> It might take years until the general consensus is negative about the effects of these tools.
The only thing I'm seeing offline are people who already think AI is trash, untrustworthy, and harmful, while also occasionally being convenient when the stakes are extremely low (random search results mostly) or as a fun toy ("Look I'm a ghibli character!")
I don't think it'll take long for the masses to sour to AI and the more aggressively it's pushed on them by companies, or the more it negatively impacts their life when someone they depend on and should know better uses it and it screws up the quicker that'll happen.
I work in Customer Success so I have to screenshare with a decent number of engineers working for customers - startups and BigCos.
The number of them who just blindly put shit into an AI prompt is incredible. I don't know if they were better engineers before LLMs? But I just watch them blindly pass flags that don't exist to CLIs and then throw their hands up. I can't imagine it's faster than a (non-LLM) Google search or using the -h flag, but they just turn their brains off.
An underrated concern (IMO) is the impact of COVID on cognition. I think a lot of people who got sick have gotten more tired and find this kind of work more challenging than they used to. Maybe they have a harder time "getting in the zone".

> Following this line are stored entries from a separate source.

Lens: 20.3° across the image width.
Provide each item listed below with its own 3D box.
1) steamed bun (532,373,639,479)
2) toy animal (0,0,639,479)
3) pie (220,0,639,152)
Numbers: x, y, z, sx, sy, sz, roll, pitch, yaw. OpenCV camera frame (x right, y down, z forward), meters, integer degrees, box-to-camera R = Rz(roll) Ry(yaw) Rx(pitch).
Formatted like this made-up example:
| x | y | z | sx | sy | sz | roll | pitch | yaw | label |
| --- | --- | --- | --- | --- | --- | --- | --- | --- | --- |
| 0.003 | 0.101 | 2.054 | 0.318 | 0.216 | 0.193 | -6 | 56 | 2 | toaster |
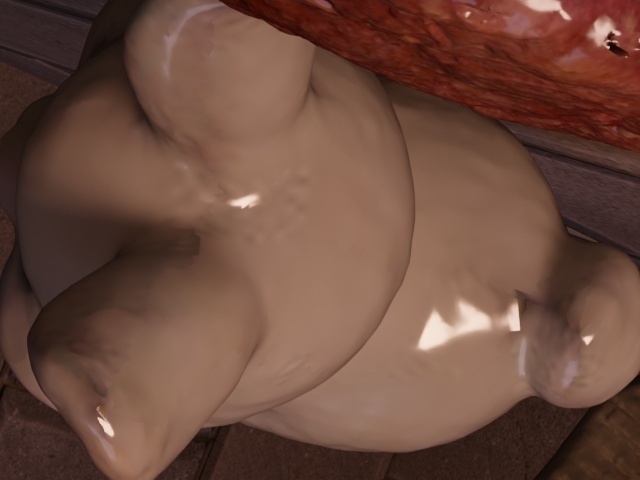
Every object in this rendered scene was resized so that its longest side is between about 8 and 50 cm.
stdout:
| x | y | z | sx | sy | sz | roll | pitch | yaw | label |
| --- | --- | --- | --- | --- | --- | --- | --- | --- | --- |
| 0.318 | 0.242 | 1.246 | 0.255 | 0.367 | 0.342 | 52 | 178 | -36 | steamed bun |
| -0.008 | -0.002 | 0.719 | 0.241 | 0.196 | 0.367 | 14 | 178 | 24 | toy animal |
| 0.027 | -0.064 | 0.446 | 0.182 | 0.049 | 0.182 | 21 | -179 | 0 | pie |
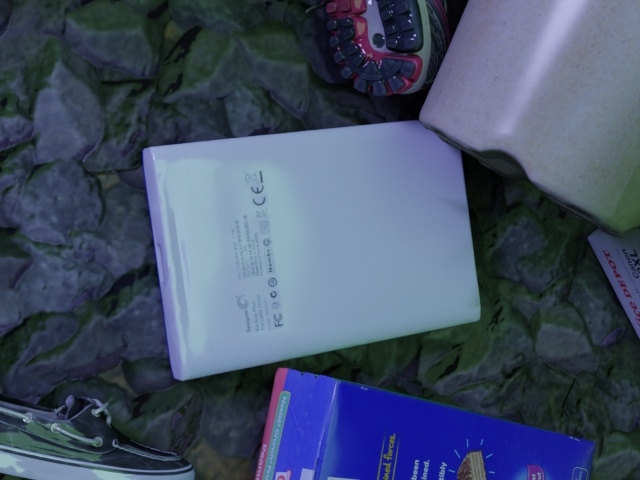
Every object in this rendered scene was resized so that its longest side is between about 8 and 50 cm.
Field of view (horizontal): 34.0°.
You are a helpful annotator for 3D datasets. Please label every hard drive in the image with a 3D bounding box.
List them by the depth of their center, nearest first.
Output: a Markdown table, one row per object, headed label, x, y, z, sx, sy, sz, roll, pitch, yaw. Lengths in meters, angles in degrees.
| label | x | y | z | sx | sy | sz | roll | pitch | yaw |
| --- | --- | --- | --- | --- | --- | --- | --- | --- | --- |
| hard drive | 0.000 | 0.000 | 1.005 | 0.318 | 0.040 | 0.210 | -9 | 93 | -25 |

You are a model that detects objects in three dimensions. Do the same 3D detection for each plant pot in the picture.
| label | x | y | z | sx | sy | sz | roll | pitch | yaw |
| --- | --- | --- | --- | --- | --- | --- | --- | --- | --- |
| plant pot | 0.258 | -0.183 | 0.943 | 0.334 | 0.334 | 0.305 | 27 | 97 | -23 |

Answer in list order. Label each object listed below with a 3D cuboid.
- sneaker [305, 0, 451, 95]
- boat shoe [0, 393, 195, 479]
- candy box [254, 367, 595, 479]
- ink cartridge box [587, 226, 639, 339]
| label | x | y | z | sx | sy | sz | roll | pitch | yaw |
| --- | --- | --- | --- | --- | --- | --- | --- | --- | --- |
| sneaker | 0.047 | -0.286 | 1.006 | 0.112 | 0.121 | 0.299 | -17 | 96 | -54 |
| boat shoe | -0.205 | 0.168 | 0.883 | 0.219 | 0.078 | 0.070 | 16 | 83 | -23 |
| candy box | 0.089 | 0.284 | 0.983 | 0.317 | 0.122 | 0.268 | 18 | 78 | -30 |
| ink cartridge box | 0.419 | 0.042 | 1.097 | 0.100 | 0.237 | 0.172 | -35 | 104 | -19 |
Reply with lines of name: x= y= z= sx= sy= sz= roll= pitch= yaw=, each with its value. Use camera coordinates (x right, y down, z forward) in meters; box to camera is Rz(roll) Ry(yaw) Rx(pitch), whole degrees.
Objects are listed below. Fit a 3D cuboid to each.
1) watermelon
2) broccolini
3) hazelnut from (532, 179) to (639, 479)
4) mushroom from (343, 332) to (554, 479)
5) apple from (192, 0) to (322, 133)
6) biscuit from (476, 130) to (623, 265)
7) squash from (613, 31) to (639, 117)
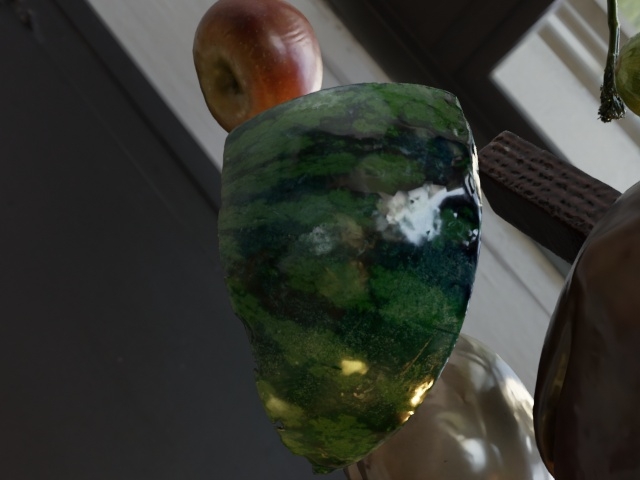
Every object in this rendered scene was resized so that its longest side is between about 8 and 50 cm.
watermelon: x=-0.007 y=0.024 z=1.102 sx=0.222 sy=0.292 sz=0.319 roll=20 pitch=135 yaw=-31
broccolini: x=0.504 y=-0.321 z=1.951 sx=0.051 sy=0.239 sz=0.054 roll=4 pitch=-166 yaw=24
hazelnut: x=0.370 y=0.078 z=0.824 sx=0.402 sy=0.402 sz=0.429 roll=-26 pitch=152 yaw=-48
mushroom: x=0.156 y=0.302 z=1.521 sx=0.295 sy=0.362 sz=0.362 roll=-30 pitch=172 yaw=20
apple: x=-0.091 y=-0.269 z=1.767 sx=0.173 sy=0.210 sz=0.235 roll=-26 pitch=126 yaw=-38
biscuit: x=0.323 y=-0.011 z=1.326 sx=0.073 sy=0.388 sz=0.107 roll=-41 pitch=130 yaw=-8
squash: x=0.495 y=-0.160 z=1.210 sx=0.371 sy=0.118 sz=0.118 roll=6 pitch=160 yaw=-5
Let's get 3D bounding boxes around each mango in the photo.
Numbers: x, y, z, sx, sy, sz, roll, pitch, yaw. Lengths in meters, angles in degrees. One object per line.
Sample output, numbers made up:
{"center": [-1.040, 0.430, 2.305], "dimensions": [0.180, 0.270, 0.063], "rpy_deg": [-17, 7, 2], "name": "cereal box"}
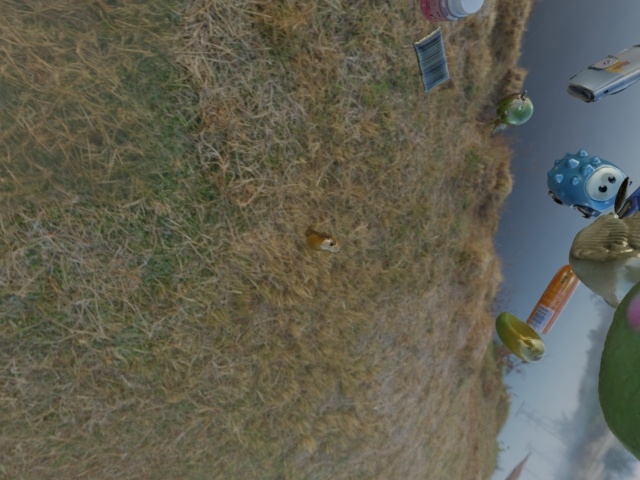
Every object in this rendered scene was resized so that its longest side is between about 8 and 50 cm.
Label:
{"center": [0.670, 0.323, 1.395], "dimensions": [0.130, 0.195, 0.092], "rpy_deg": [2, 130, -17], "name": "mango"}

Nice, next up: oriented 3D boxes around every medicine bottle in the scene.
{"center": [0.485, -0.889, 1.524], "dimensions": [0.147, 0.247, 0.147], "rpy_deg": [-9, 118, -17], "name": "medicine bottle"}

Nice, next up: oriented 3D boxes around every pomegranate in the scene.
{"center": [0.863, -0.589, 1.889], "dimensions": [0.156, 0.220, 0.156], "rpy_deg": [1, 87, -22], "name": "pomegranate"}

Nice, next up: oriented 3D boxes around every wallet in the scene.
{"center": [0.917, -0.518, 1.289], "dimensions": [0.230, 0.170, 0.069], "rpy_deg": [-26, 125, 12], "name": "wallet"}

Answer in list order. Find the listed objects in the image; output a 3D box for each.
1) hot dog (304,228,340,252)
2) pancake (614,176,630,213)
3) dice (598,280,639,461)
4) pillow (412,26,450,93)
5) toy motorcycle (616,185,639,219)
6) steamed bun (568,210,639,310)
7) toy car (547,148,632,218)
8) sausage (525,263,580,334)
{"center": [0.002, 0.000, 1.241], "dimensions": [0.089, 0.140, 0.060], "rpy_deg": [4, 94, -25], "name": "hot dog"}
{"center": [0.921, -0.139, 1.261], "dimensions": [0.115, 0.011, 0.115], "rpy_deg": [-49, 148, -46], "name": "pancake"}
{"center": [0.644, 0.215, 0.569], "dimensions": [0.318, 0.330, 0.323], "rpy_deg": [16, 90, -4], "name": "dice"}
{"center": [0.397, -0.635, 1.464], "dimensions": [0.113, 0.038, 0.203], "rpy_deg": [-30, 136, 1], "name": "pillow"}
{"center": [1.154, -0.110, 1.439], "dimensions": [0.213, 0.125, 0.359], "rpy_deg": [-52, 162, -50], "name": "toy motorcycle"}
{"center": [0.812, 0.056, 1.024], "dimensions": [0.324, 0.309, 0.220], "rpy_deg": [-38, 108, -47], "name": "steamed bun"}
{"center": [0.914, -0.211, 1.432], "dimensions": [0.188, 0.255, 0.190], "rpy_deg": [-45, 127, 8], "name": "toy car"}
{"center": [0.929, 0.216, 1.619], "dimensions": [0.092, 0.093, 0.312], "rpy_deg": [9, 111, -46], "name": "sausage"}

Personally, I still struggle with Long COVID symptoms. This includes brain fog and difficulty focusing. Before the pandemic I would say I was in the top 10% of engineers for my narrow slice of expertise - always getting exceptional perf reviews, never had trouble moving roles and picking up new technologies. Nowadays I find it much harder to get started in the morning, and I have to take more breaks during the day to reset my focus. At 5PM I'm exhausted and I can't keep pushing solving a problem into the evening.
I can see how the same kind of cognitive fatigue would make LLM "assistance" appealing, even if it's wrong, because it's so much less work.
Reading this, I'm wondering if I'm suffering "Long Covid"
I've recently had tons of memory and brain fog. I thought it was related to stress, and it's severe enough that I'm on medical leave from work right now
My memory is absolutely terrible
Do you know if it is possible to test or verify if it's COVID related?
I haven't had a lot of success so far in getting a diagnosis, there's a lot of different possible things that can be wrong. Chronic Fatigue Syndrome is one place to start. I'm seeing an allergist about MCAS, I've had limited success taking antihistamines and anti-inflammatory drugs.
Mostly you talk to your doctor and read stuff and advocate for more testing to figure out why you're not able to function like before. Even if it's not "Long COVID" it definitely sounds like something is causing these problems and you should get it looked at.
> An underrated concern (IMO) is the impact of COVID on cognition
Car accidents came down from the Covid uptick but only slightly. Aviation... ugh.
And there is some evidence it accelerates Altzheimer's and other dementias. We are so screwed.
This is precisely the problem: users still need to screen and reason about results of LLMs. I am not sure what is generating this implied permission structure, but it does seem to exist.
(I don't mean to imply that parent doesn't know this, it just seems worth saying explicitly)
Doesn’t matter. If they feel “good enough” that’s already “good enough”. Super majority of the world doesn’t revolve around truth seeking, fact -checking or curiosity.
The things I have noted offline included a HK case where someone got a link to a zoom call with what seemed to be his team mates and CFO, and then transferring money as per the CFOs instructions.
The error here was to click on a phishing email.
But something I have seen myself is Tim Cook talking about a crypto coin right after the 2024 Apple keynote, on a YT channel that showed the Apple logo. It took me a bit to realize and reassure myself that it was a scam. Even though it was a video of the shoulders up.
The bigger issue we face isn’t the outright fraud and scamming, it’s that our ability to make out fakes easily is weakened - the Liar’s dividend.
It’s by default a shot in the arm for bullshit and lies.
On some days I wonder if the inability to sort between lies, misinformation, initial ideas, fair debate, argument, theory and fact at scale - is the great filter.
The only thing I'm seeing offline are people who already think AI is trash, untrustworthy, and harmful, while also occasionally being convenient when the stakes are extremely low (random search results mostly) or as a fun toy ("Look I'm a ghibli character!")
I don't think it'll take long for the masses to sour to AI and the more aggressively it's pushed on them by companies, or the more it negatively impacts their life when someone they depend on and should know better uses it and it screws up the quicker that'll happen.